Having a dictionary is just a small step in the big process. After obtaining the dictionary in a usable format, the data has to be uploaded to a (My)SQL database, because the flat file is not really usefull for individual lookups and the intention is to have word-splitted word-sound file. In addition the individual sylables and letters have to be added.
Best option is to put the data in the dedicated database. The compare between indexed and non-indexed lookup (for the complete Chitanka DB) is presented in the previous article. The raw DB is 70MB downloaded and 700MB unpacked. The sound files will take significant amount of space, so the approach will be to generate the basic sound files for letters and sylables and afterwards to generate the sound files for the encountered words.
So first part is to upload the data to the DB and second is to generate the sound files.
A simple approach used to upload the sylables and generate the sound files for them is described at “Connecting to MS SQL Server DB”. The script is slow, but it is currently better to have something that need improvement than something not working at all.
As the initial sylable and word parts are 30-60kB, when using WAV file, the files have to be converted. 6000 sylables and parts will take around 300MB , which can be compressed to much smaller size, which will mean less data transfer. Converting to MP3 format results in 30 MB files. A pretty lame approach was chosen for the conversion- to use the VLC portable to convert the files. It is easily interfaced, I have it already downloaded.
$outputExtension = ".mp3"
$bitrate = 22
$channels = 1
$filesToConvert = get-childitem -Path $inputFolder -Filter "*.wav"
$startTime = Get-Date
foreach($inputFile in $filesToConvert)
{
$outputFileName = $outputFolder+([System.IO.Path]::GetFileNameWithoutExtension($inputFile.FullName))+ $outputExtension
$processArgs = "-I dummy -vvv `"$($inputFile.FullName)`" --sout=#transcode{acodec=`"mp3`",ab=`"$bitrate`",`"channels=$channels`"}:standard{access=`"file`",mux=`"wav`",dst=`"$outputFileName`"} vlc://quit"

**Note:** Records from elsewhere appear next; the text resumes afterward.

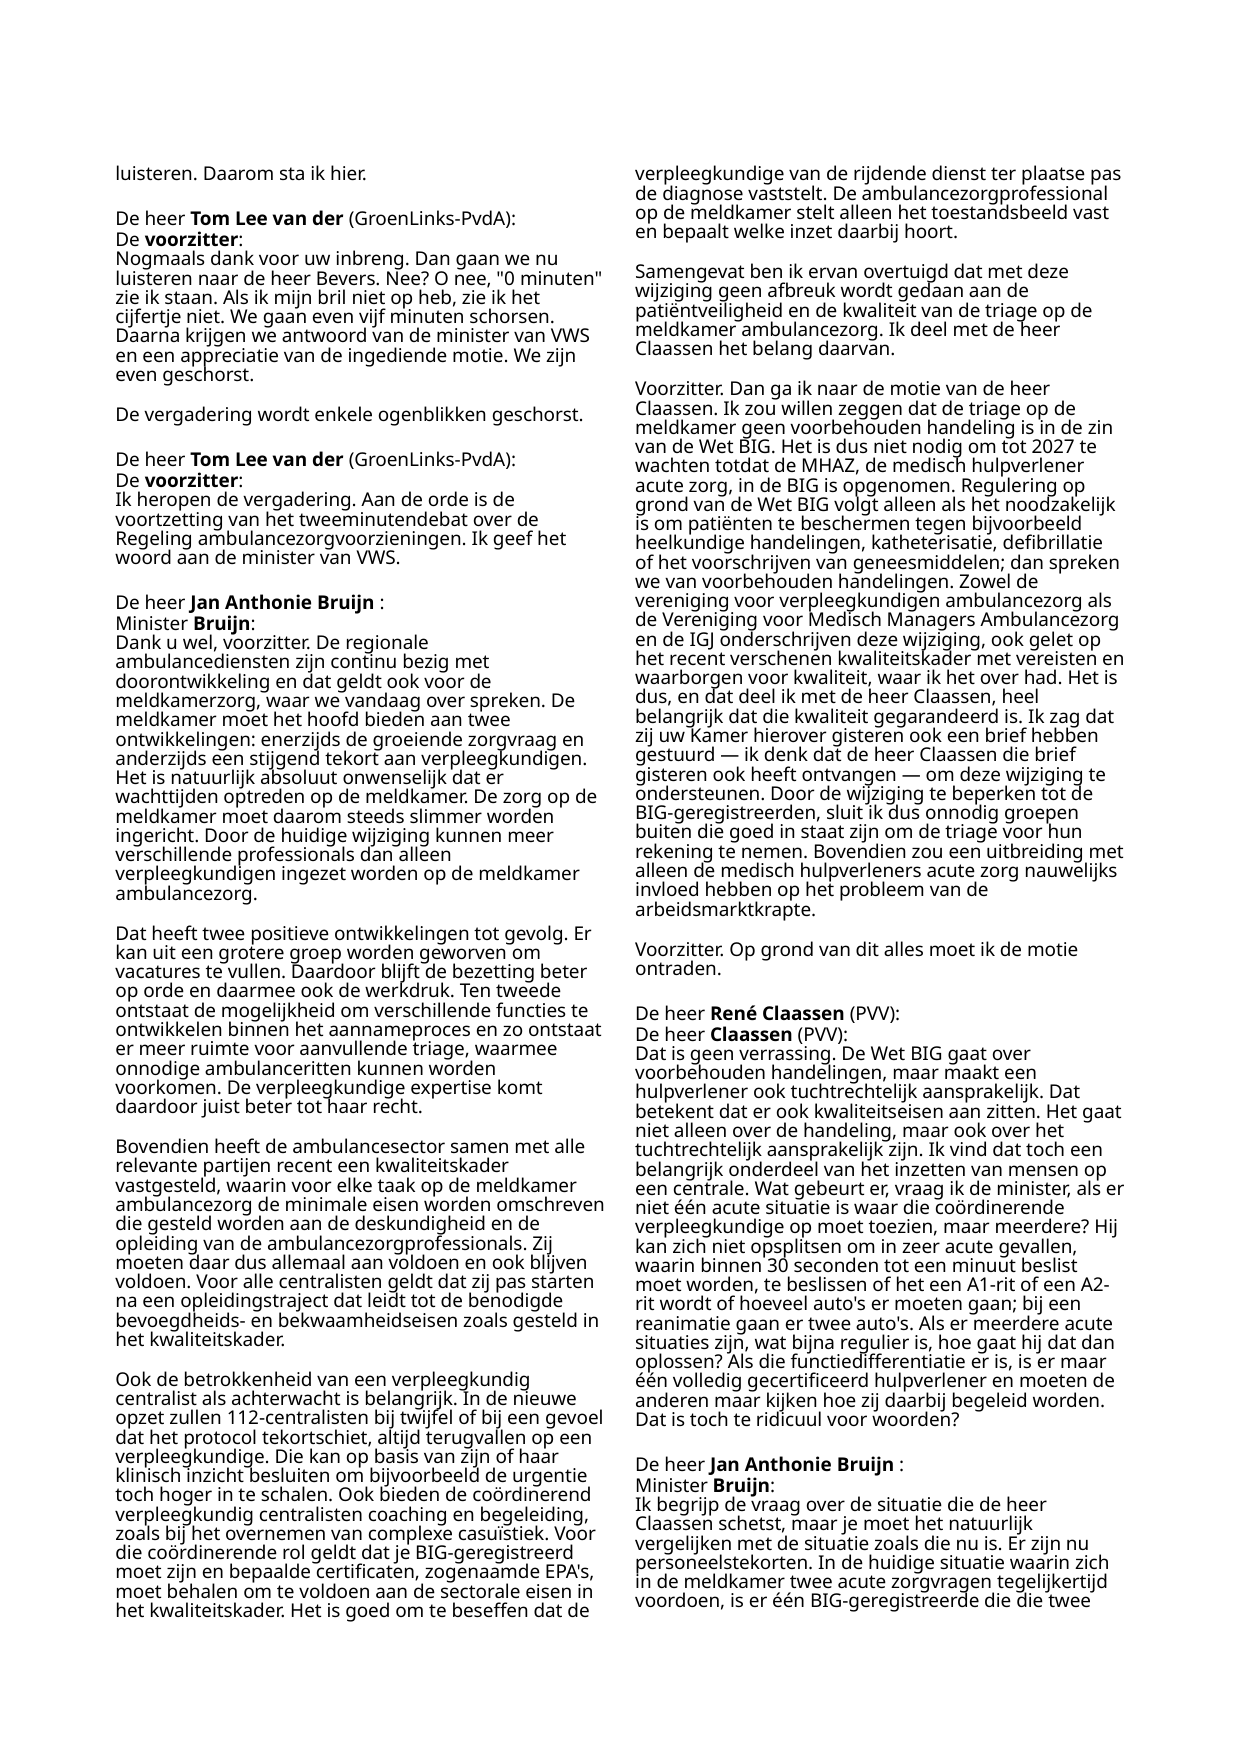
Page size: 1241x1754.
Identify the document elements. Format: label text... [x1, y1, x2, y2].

text Dat heeft twee positieve ontwikkelingen tot gevolg. Er kan uit een grotere groep worden geworven om vacatures te vullen. Daardoor blijft de bezetting beter op orde en daarmee ook de werkdruk. Ten tweede ontstaat de mogelijkheid om verschillende functies te ontwikkelen binnen het aannameproces en zo ontstaat er meer ruimte voor aanvullende triage, waarmee onnodige ambulanceritten kunnen worden voorkomen. De verpleegkundige expertise komt daardoor juist beter tot haar recht. [115, 925, 605, 1117]
text De heer Claassen (PVV): [635, 1026, 1125, 1045]
text Nogmaals dank voor uw inbreng. Dan gaan we nu luisteren naar de heer Bevers. Nee? O nee, "0 minuten" zie ik staan. Als ik mijn bril niet op heb, zie ik het cijfertje niet. We gaan even vijf minuten schorsen. Daarna krijgen we antwoord van de minister van VWS en een appreciatie van de ingediende motie. We zijn even geschorst. [115, 250, 605, 385]
text Bovendien heeft de ambulancesector samen met alle relevante partijen recent een kwaliteitskader vastgesteld, waarin voor elke taak op de meldkamer ambulancezorg de minimale eisen worden omschreven die gesteld worden aan de deskundigheid en de opleiding van de ambulancezorgprofessionals. Zij moeten daar dus allemaal aan voldoen en ook blijven voldoen. Voor alle centralisten geldt dat zij pas starten na een opleidingstraject dat leidt tot de benodigde bevoegdheids- en bekwaamheidseisen zoals gesteld in het kwaliteitskader. [115, 1138, 605, 1350]
text verpleegkundige van de rijdende dienst ter plaatse pas de diagnose vaststelt. De ambulancezorgprofessional op de meldkamer stelt alleen het toestandsbeeld vast en bepaalt welke inzet daarbij hoort. [635, 165, 1125, 242]
text De heer Jan Anthonie Bruijn : [115, 589, 605, 615]
text De heer René Claassen (PVV): [635, 1000, 1125, 1026]
text Ik heropen de vergadering. Aan de orde is de voortzetting van het tweeminutendebat over de Regeling ambulancezorgvoorzieningen. Ik geef het woord aan de minister van VWS. [115, 491, 605, 568]
text De voorzitter: [115, 231, 605, 250]
text Samengevat ben ik ervan overtuigd dat met deze wijziging geen afbreuk wordt gedaan aan de patiëntveiligheid en de kwaliteit van de triage op de meldkamer ambulancezorg. Ik deel met de heer Claassen het belang daarvan. [635, 263, 1125, 359]
text De voorzitter: [115, 472, 605, 491]
text Ik begrijp de vraag over de situatie die de heer Claassen schetst, maar je moet het natuurlijk vergelijken met de situatie zoals die nu is. Er zijn nu personeelstekorten. In de huidige situatie waarin zich in de meldkamer twee acute zorgvragen tegelijkertijd voordoen, is er één BIG-geregistreerde die die twee [635, 1496, 1125, 1612]
text Dank u wel, voorzitter. De regionale ambulancediensten zijn continu bezig met doorontwikkeling en dat geldt ook voor de meldkamerzorg, waar we vandaag over spreken. De meldkamer moet het hoofd bieden aan twee ontwikkelingen: enerzijds de groeiende zorgvraag en anderzijds een stijgend tekort aan verpleegkundigen. Het is natuurlijk absoluut onwenselijk dat er wachttijden optreden op de meldkamer. De zorg op de meldkamer moet daarom steeds slimmer worden ingericht. Door de huidige wijziging kunnen meer verschillende professionals dan alleen verpleegkundigen ingezet worden op de meldkamer ambulancezorg. [115, 634, 605, 904]
text Dat is geen verrassing. De Wet BIG gaat over voorbehouden handelingen, maar maakt een hulpverlener ook tuchtrechtelijk aansprakelijk. Dat betekent dat er ook kwaliteitseisen aan zitten. Het gaat niet alleen over de handeling, maar ook over het tuchtrechtelijk aansprakelijk zijn. Ik vind dat toch een belangrijk onderdeel van het inzetten van mensen op een centrale. Wat gebeurt er, vraag ik de minister, als er niet één acute situatie is waar die coördinerende verpleegkundige op moet toezien, maar meerdere? Hij kan zich niet opsplitsen om in zeer acute gevallen, waarin binnen 30 seconden tot een minuut beslist moet worden, te beslissen of het een A1-rit of een A2-rit wordt of hoeveel auto's er moeten gaan; bij een reanimatie gaan er twee auto's. Als er meerdere acute situaties zijn, wat bijna regulier is, hoe gaat hij dat dan oplossen? Als die functiedifferentiatie er is, is er maar één volledig gecertificeerd hulpverlener en moeten de anderen maar kijken hoe zij daarbij begeleid worden. Dat is toch te ridicuul voor woorden? [635, 1045, 1125, 1430]
text De heer Tom Lee van der (GroenLinks-PvdA): [115, 205, 605, 231]
text Minister Bruijn: [635, 1477, 1125, 1496]
text luisteren. Daarom sta ik hier. [115, 165, 605, 184]
text Minister Bruijn: [115, 615, 605, 634]
text Ook de betrokkenheid van een verpleegkundig centralist als achterwacht is belangrijk. In de nieuwe opzet zullen 112-centralisten bij twijfel of bij een gevoel dat het protocol tekortschiet, altijd terugvallen op een verpleegkundige. Die kan op basis van zijn of haar klinisch inzicht besluiten om bijvoorbeeld de urgentie toch hoger in te schalen. Ook bieden de coördinerend verpleegkundig centralisten coaching en begeleiding, zoals bij het overnemen van complexe casuïstiek. Voor die coördinerende rol geldt dat je BIG-geregistreerd moet zijn en bepaalde certificaten, zogenaamde EPA's, moet behalen om te voldoen aan de sectorale eisen in het kwaliteitskader. Het is goed om te beseffen dat de [115, 1371, 605, 1621]
text Voorzitter. Op grond van dit alles moet ik de motie ontraden. [635, 941, 1125, 979]
text Voorzitter. Dan ga ik naar de motie van de heer Claassen. Ik zou willen zeggen dat de triage op de meldkamer geen voorbehouden handeling is in de zin van de Wet BIG. Het is dus niet nodig om tot 2027 te wachten totdat de MHAZ, de medisch hulpverlener acute zorg, in de BIG is opgenomen. Regulering op grond van de Wet BIG volgt alleen als het noodzakelijk is om patiënten te beschermen tegen bijvoorbeeld heelkundige handelingen, katheterisatie, defibrillatie of het voorschrijven van geneesmiddelen; dan spreken we van voorbehouden handelingen. Zowel de vereniging voor verpleegkundigen ambulancezorg als de Vereniging voor Medisch Managers Ambulancezorg en de IGJ onderschrijven deze wijziging, ook gelet op het recent verschenen kwaliteitskader met vereisten en waarborgen voor kwaliteit, waar ik het over had. Het is dus, en dat deel ik met de heer Claassen, heel belangrijk dat die kwaliteit gegarandeerd is. Ik zag dat zij uw Kamer hierover gisteren ook een brief hebben gestuurd — ik denk dat de heer Claassen die brief gisteren ook heeft ontvangen — om deze wijziging te ondersteunen. Door de wijziging te beperken tot de BIG-geregistreerden, sluit ik dus onnodig groepen buiten die goed in staat zijn om de triage voor hun rekening te nemen. Bovendien zou een uitbreiding met alleen de medisch hulpverleners acute zorg nauwelijks invloed hebben op het probleem van de arbeidsmarktkrapte. [635, 380, 1125, 920]
text De heer Jan Anthonie Bruijn : [635, 1451, 1125, 1477]
text De vergadering wordt enkele ogenblikken geschorst. [115, 406, 605, 425]
text De heer Tom Lee van der (GroenLinks-PvdA): [115, 446, 605, 472]

start-process $processName $processArgs -wait
}
The speed is not great, because it starts the full application, which is definetly not long term approach, but overnight it converts the files.
As the name of the file is same as the sylable text, additional upload of the links to files to the DB is not required (file path+name+extension is enough to find thr coresponding file). Probably the file and folder approach will be used instead of the DB table for the audio files. Another is having them in audio sprite(s) (but this will complicate the consequent updates). The files are tiny (for the sylables at least) so the file access time might be significant. Using them as files will offer easier portability so probably this approach will be chosen.
Well after some initial testing, the voice parameters have to be adjusted, volume, some sylables are incorrect (because new row division rules were used instead of the real sylables. For example A[some sylable] – A can not be lest alone on the row)
Same approach can be used also for the words- request the word from web API, the local scripts will create audio file and convert it to MP3 and save it to dedicated folder. The files for the words can be saved/cached in dedicated folder so the initial word generation might be a little slow, but the speed will generally improve as more data is used.
There is also difference in the perception if a word is in sentence and if it is alone and same is valid also for the sylables in the word.
Example links to some of the audio files (as this is Bulgarian language project, the words are in Bulgarian):
There is much optimization required, but this will be performed later.